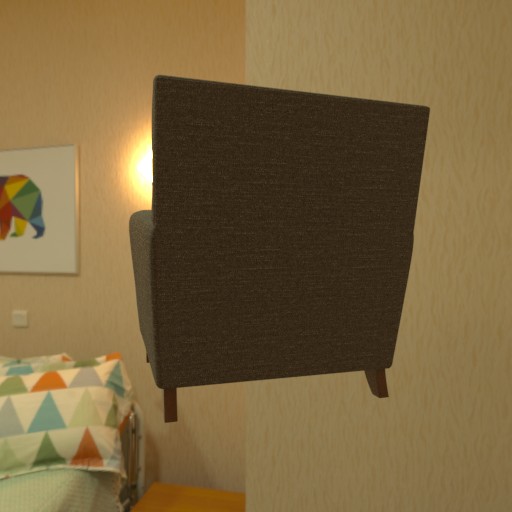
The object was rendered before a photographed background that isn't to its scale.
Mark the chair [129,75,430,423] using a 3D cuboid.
[{"bbox_3d":[0.000,0.000,1.560,0.838,0.885,0.875,0,1,-18],"label":"chair"}]

----

To do -
What you produce should repeat the data word for word while omitting all images.

Result of this task -
The object was rendered before a photographed background that isn't to its scale.
Mark the chair [129,75,430,423] using a 3D cuboid.
[{"bbox_3d":[0.000,0.000,1.560,0.838,0.885,0.875,0,1,-18],"label":"chair"}]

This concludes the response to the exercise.